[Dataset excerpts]
####

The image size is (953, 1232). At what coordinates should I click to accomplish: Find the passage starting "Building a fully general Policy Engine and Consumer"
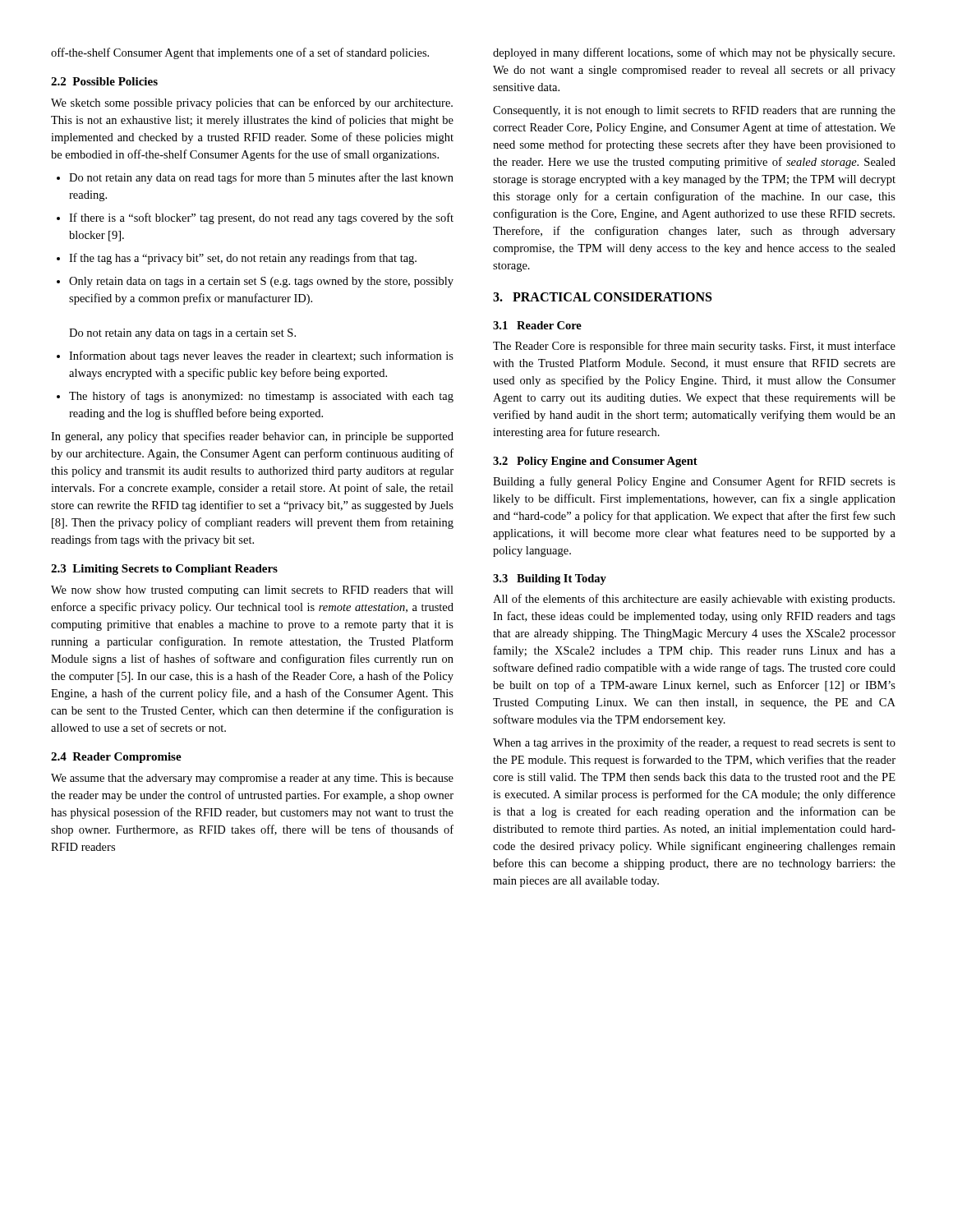[x=694, y=516]
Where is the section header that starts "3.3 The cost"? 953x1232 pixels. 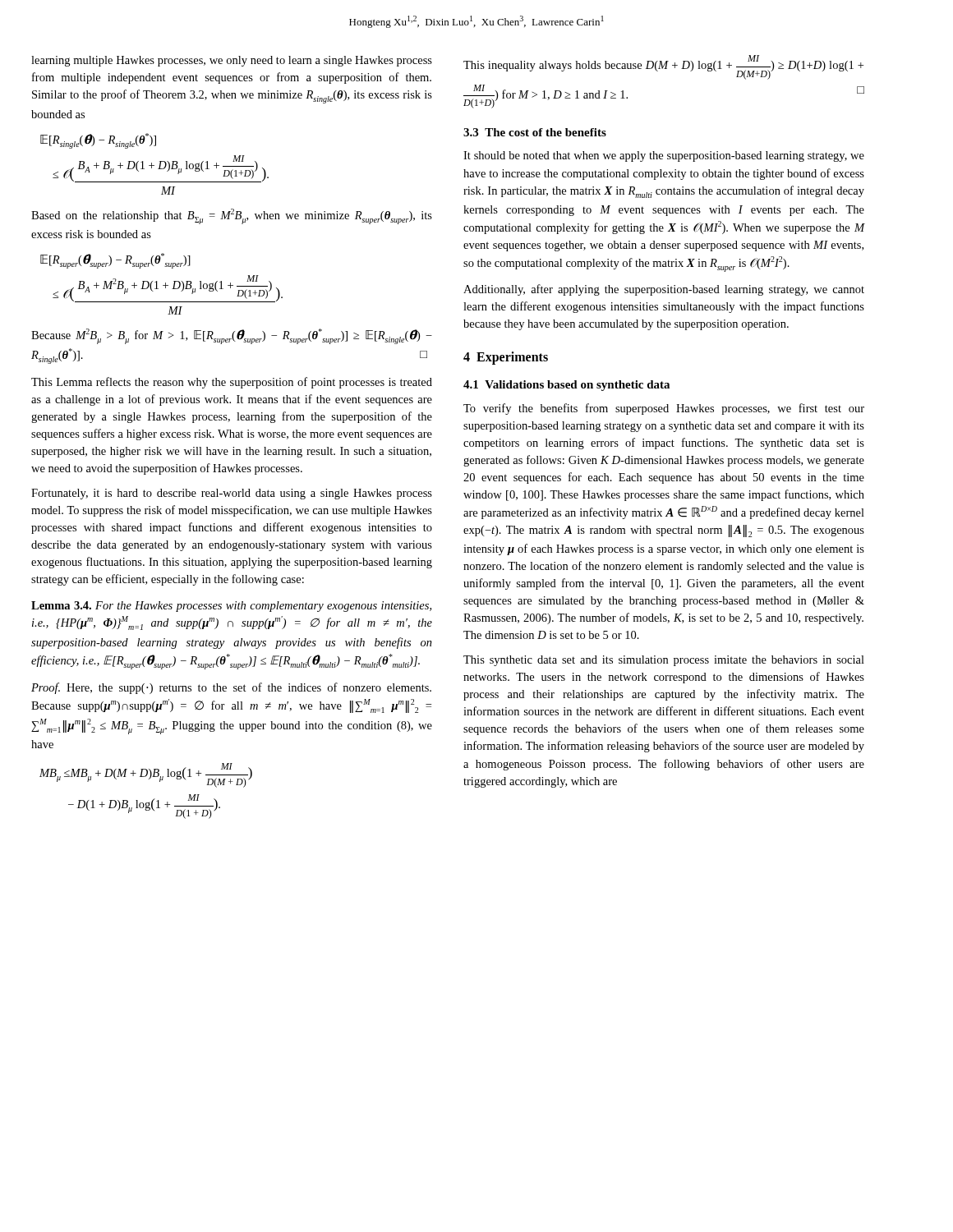tap(535, 132)
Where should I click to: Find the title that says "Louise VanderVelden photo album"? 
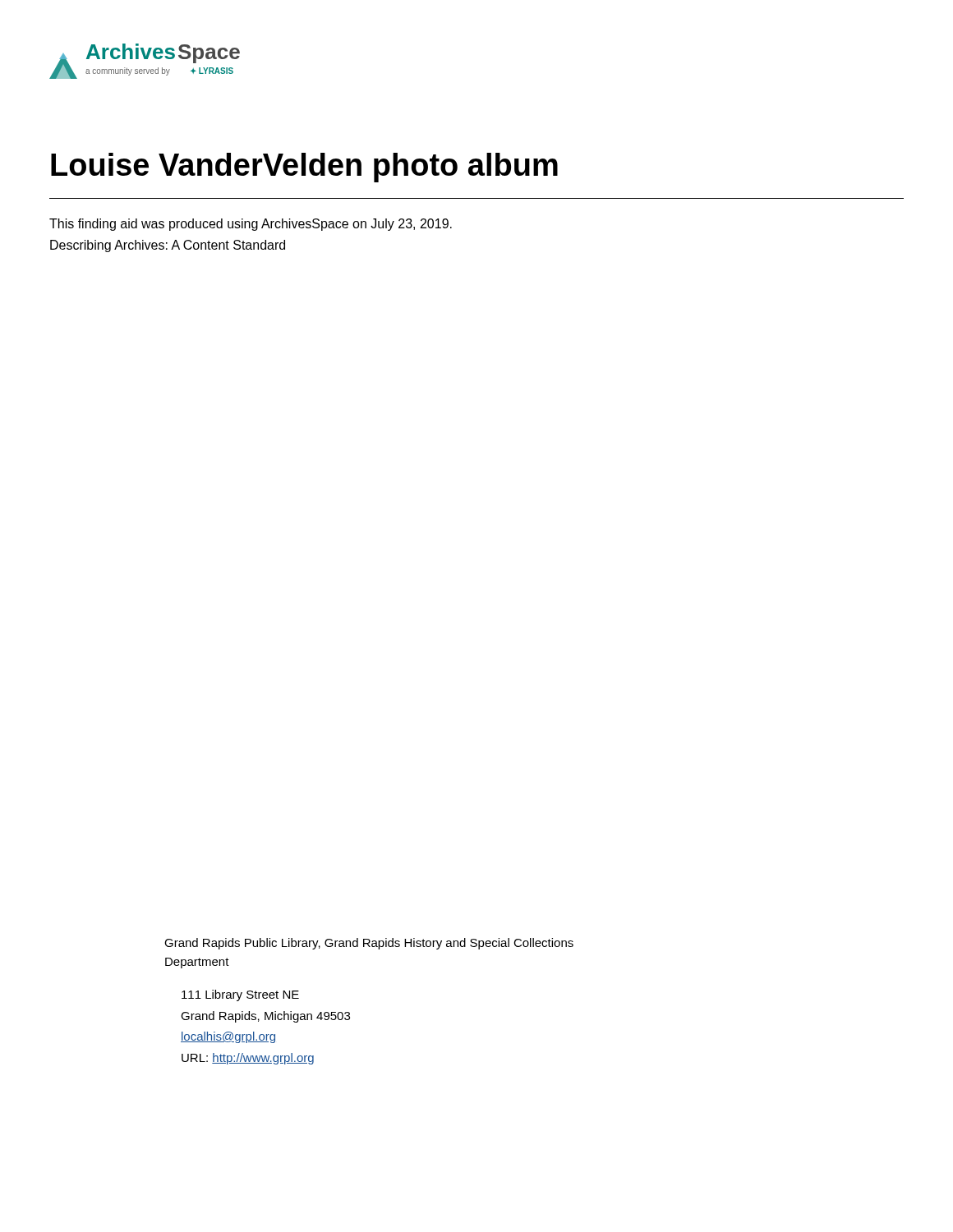pos(476,202)
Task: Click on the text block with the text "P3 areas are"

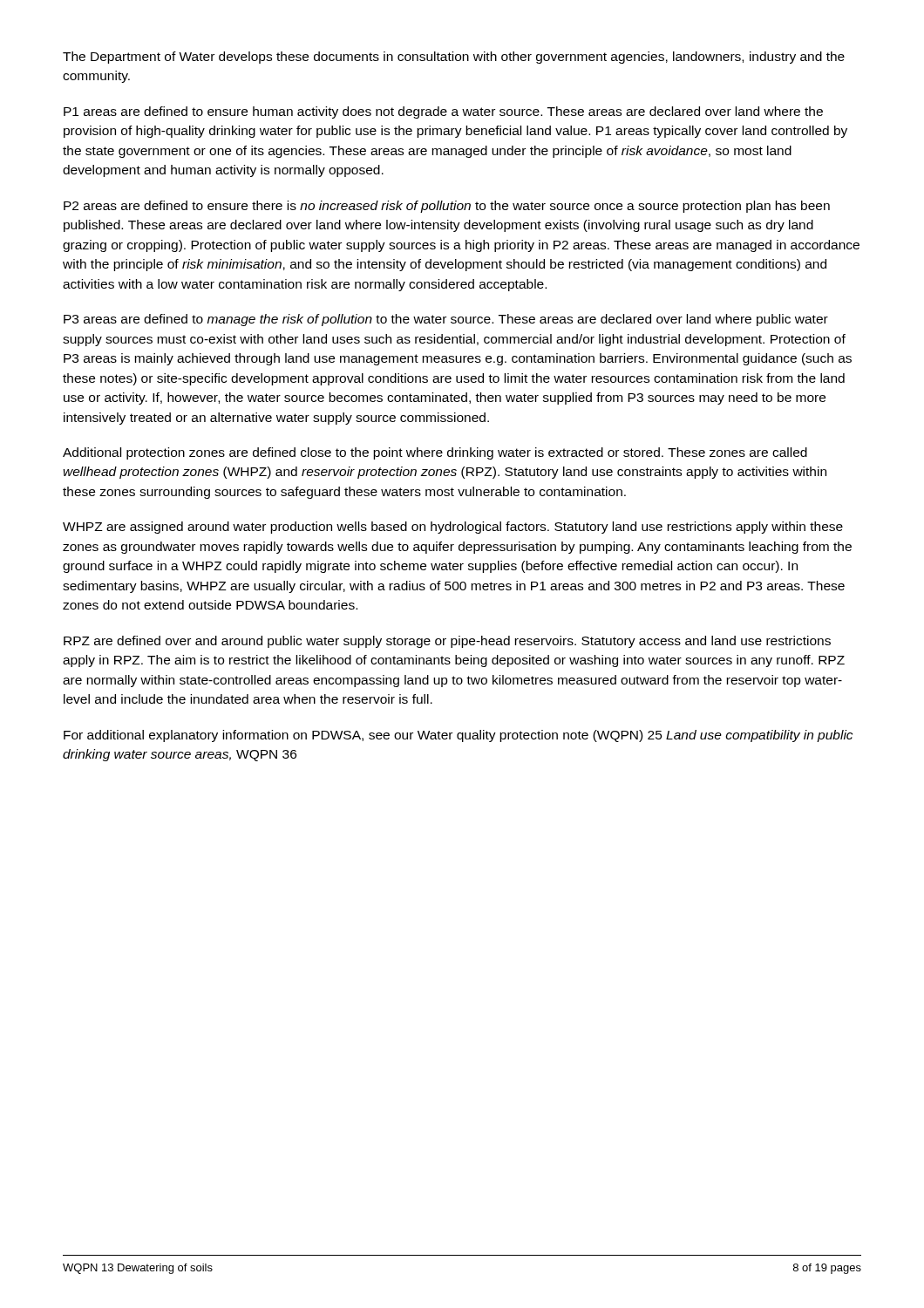Action: point(457,368)
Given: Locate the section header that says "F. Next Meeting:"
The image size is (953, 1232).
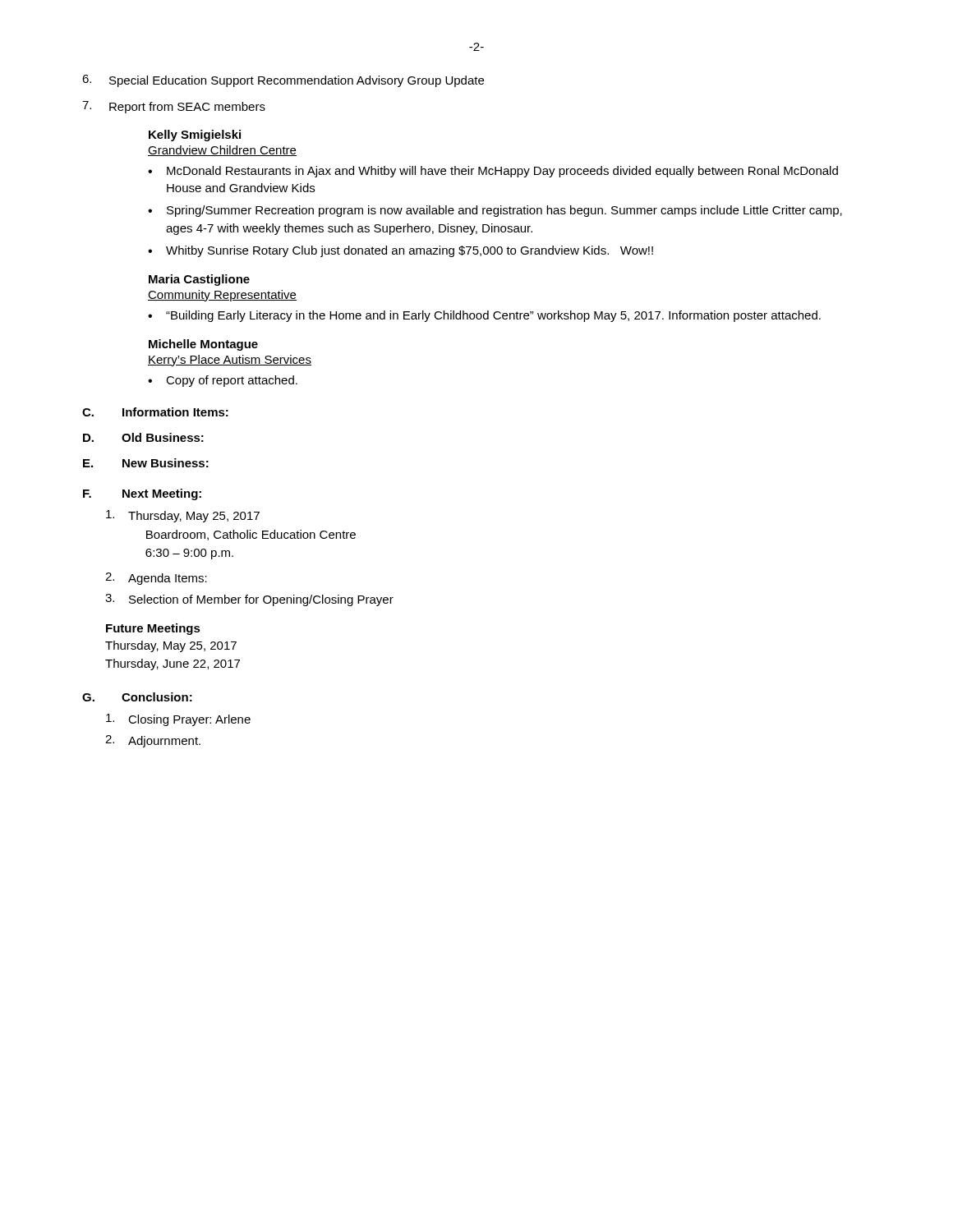Looking at the screenshot, I should (x=142, y=493).
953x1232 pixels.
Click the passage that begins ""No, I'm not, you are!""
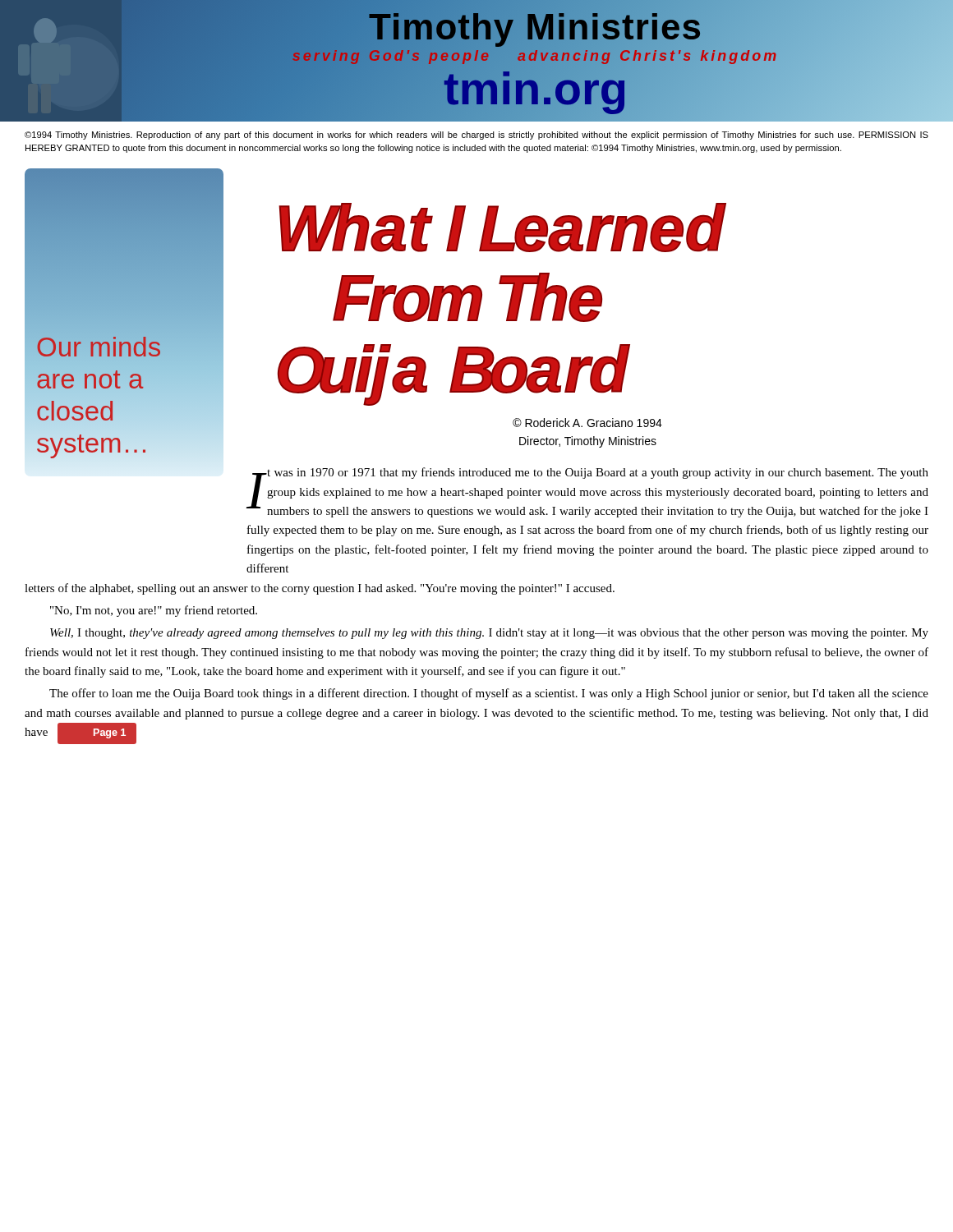154,610

####

*Aim of the exercise*:
Only the lines from the one that contains "Task: Click on" through the last line of the records may appear in the answer, retyped exactly and with no pictures.

*Solution to this exercise*:
Task: Click on the text block with the text "P3 areas are"

Action: point(457,368)
Given: Locate the section header that says "F. Next Meeting:"
The image size is (953, 1232).
Looking at the screenshot, I should (x=142, y=493).
953x1232 pixels.
Click the passage that begins ""No, I'm not, you are!""
154,610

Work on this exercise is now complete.